DLP 3D Printing: Mechanical & Strain-Sensing for Carbon Nanotube Reinforced Composites

Researchers from Spain continue the trend for the development of new combinations of materials, detailing their study in the recently published ‘ Mechanical and Strain-Sensing Capabilities of Carbon Nanotube Reinforced Composites by Digital Light Processing 3D Printing Technology .’
While there have been numerous studies regarding carbon nanotube (CNT) reinforced composites—from improving materials to creating sensors for wearables , to e-textiles , and much more—here, the authors perform a more unique study regarding mechanical properties and strain sensors, with the ‘development of a conductive ink for DLP 3D printing technology with self-sensing capabilities based on a commercial photocurable resin doped with CNTs.’
Noting that 3D printing is making huge impacts within the industrial world, and in many other applications too, the authors state quite accurately that there is ‘a wide field for improvement.’
Composites are becoming increasingly popular in the 3D printing arena as users on all levels are able to meet their needs better for varying research, projects, and manufacturing of stronger parts.
“In particular, carbon nanotube (CNT) doped resins has been the subject of numerous studies in the last decades due to their great mechanical, thermal, and electrical properties,” state the researchers. “Their addition in low contents into an insulator resin allows the formation of electrical percolating networks inside the material, leading to an increase in electrical conductivity of the material of several orders of magnitude.”
Structural health monitoring (SHM) is a primary application able to benefit from such materials, as sensors can detect strain damage in metallic gauges. Previously, a variety of 3D printing studies have involved CNTs as fillers in developing parts with electrical properties, elastic strain sensors, shielding devices, and flexible electronics.
In this study, the researchers varied CNTs as they assessed the effects on conductivity. Next, the potential for strain sensing was investigated as the authors evaluated the impacts of load state and post-curing treatments.
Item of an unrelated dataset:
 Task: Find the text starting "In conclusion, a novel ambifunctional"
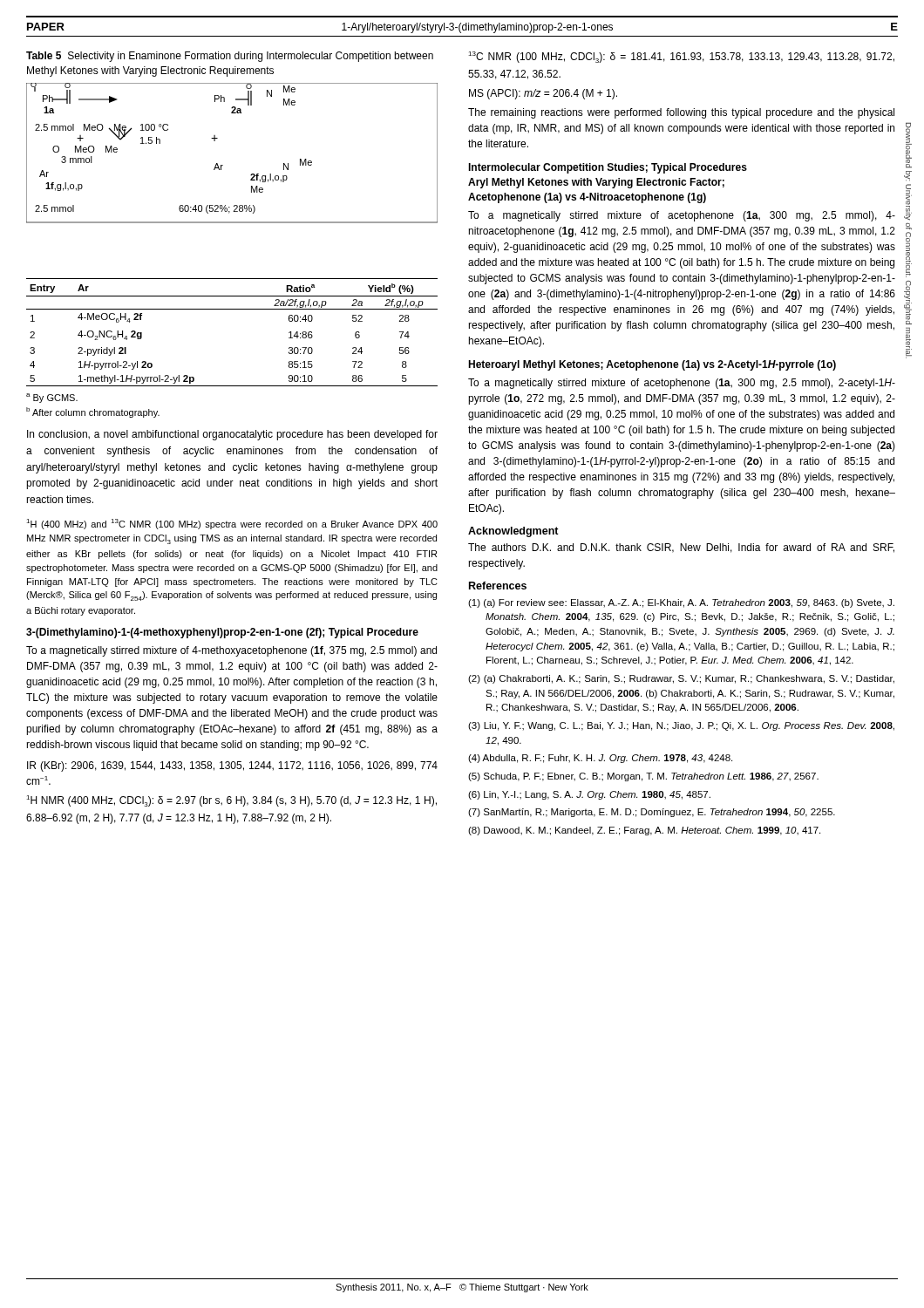coord(232,467)

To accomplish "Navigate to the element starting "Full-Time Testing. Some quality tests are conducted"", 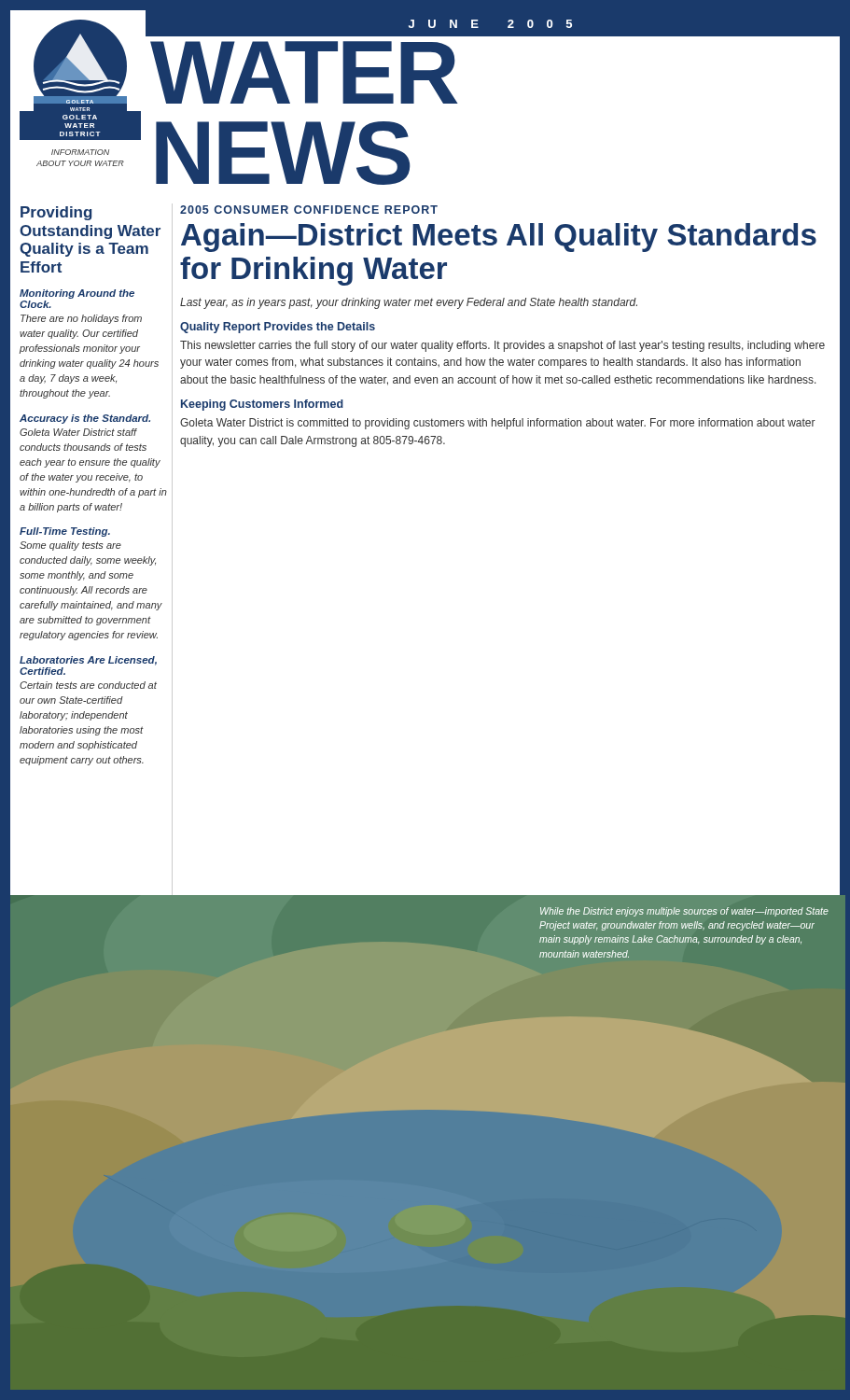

Gap distance between rolls during calendering process.

A B9Creator was used for 3D printing six samples for the study with CNT content of 0.030, 0.050, 0.075, 0.100, and 0.150 wt %.

“The most relevant printing parameters were 30 µm of layer thickness and 5.12 s of exposure time per layer, except for those specimens with a 0.150 wt % CNTs, where the exposure time was increased to 6.84 s,” stated the authors.
“This is due to the higher CNT content that induces a more prevalent UV light shielding effect caused by CNTs, reducing UV radiation exposure of the photoinitiator and leading thus to an underexposure condition. On the other hand, overexposure conditions were observed for specimens with CNT contents below 0.100 wt % and longer UV light exposure times than...